Please restate word for word only the lines that start at the one containing "Locate the chair" and continue to the final line of the material.

# Supplied data:
-=-=-

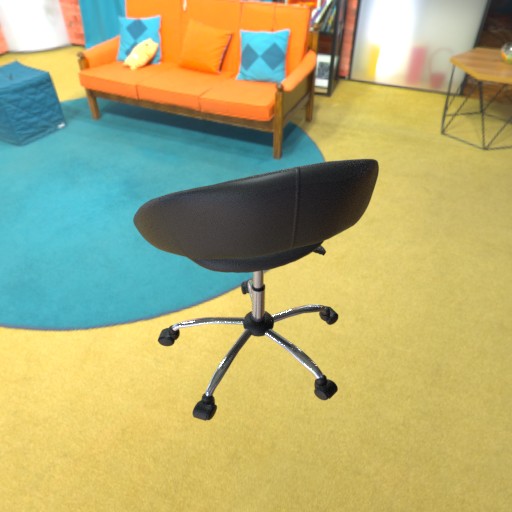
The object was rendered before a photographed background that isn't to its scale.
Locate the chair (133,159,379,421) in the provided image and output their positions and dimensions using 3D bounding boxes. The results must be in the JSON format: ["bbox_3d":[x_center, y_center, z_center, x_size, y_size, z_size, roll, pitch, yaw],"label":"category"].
[{"bbox_3d":[0.000,0.000,1.216,0.612,0.791,0.538,-13,43,-14],"label":"chair"}]

-=-=-

# Written solution:
Locate the chair (133,159,379,421) in the provided image and output their positions and dimensions using 3D bounding boxes. The results must be in the JSON format: ["bbox_3d":[x_center, y_center, z_center, x_size, y_size, z_size, roll, pitch, yaw],"label":"category"].
[{"bbox_3d":[0.000,0.000,1.216,0.612,0.791,0.538,-13,43,-14],"label":"chair"}]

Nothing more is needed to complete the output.